WHAT THE EXERCISE ASKS
Reproduction without pictures: print every entry precisely as written.

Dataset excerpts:
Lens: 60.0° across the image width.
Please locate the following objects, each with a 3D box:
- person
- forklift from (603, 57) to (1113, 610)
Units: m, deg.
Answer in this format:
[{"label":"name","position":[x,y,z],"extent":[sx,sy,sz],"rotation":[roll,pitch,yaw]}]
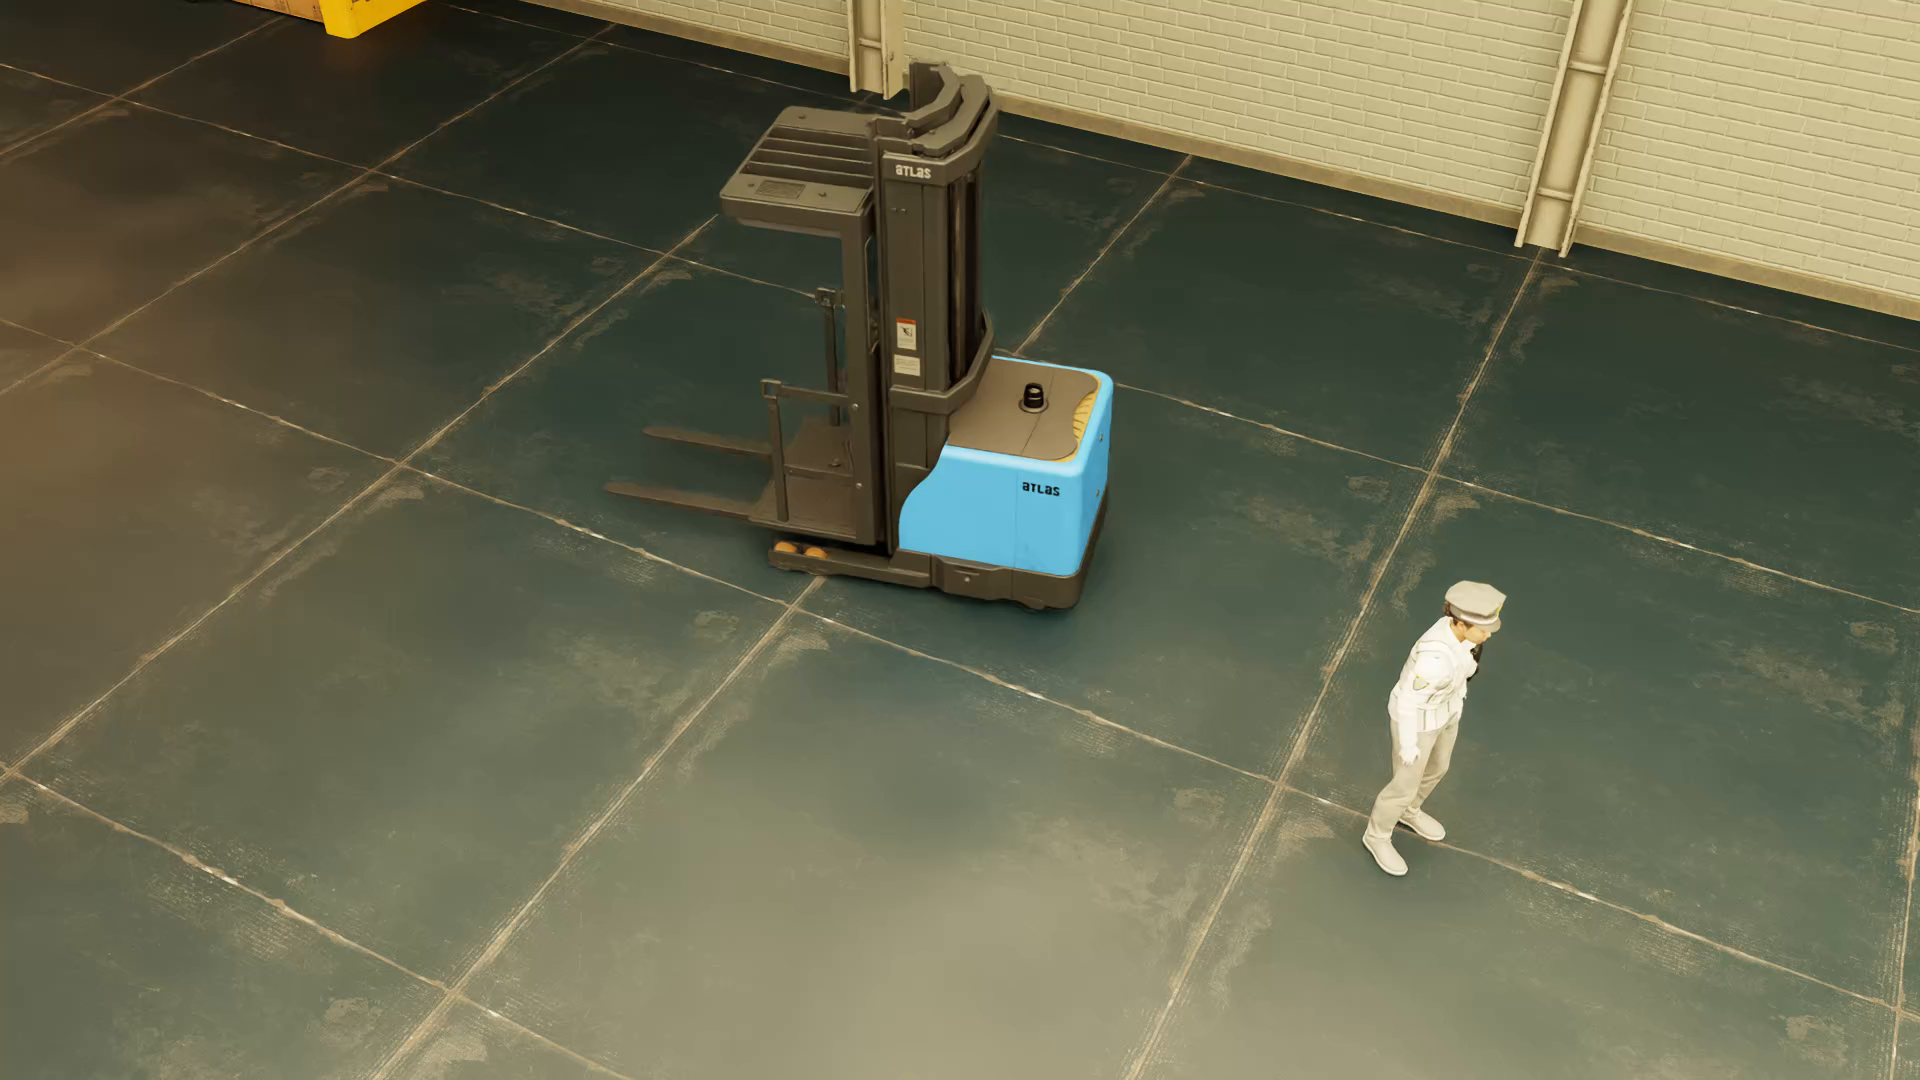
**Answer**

WRITTEN RESPONSE
Lens: 60.0° across the image width.
Please locate the following objects, each with a 3D box:
- person
- forklift from (603, 57) to (1113, 610)
Units: m, deg.
Answer in this format:
[{"label":"name","position":[x,y,z],"extent":[sx,sy,sz],"rotation":[roll,pitch,yaw]}]
**Answer**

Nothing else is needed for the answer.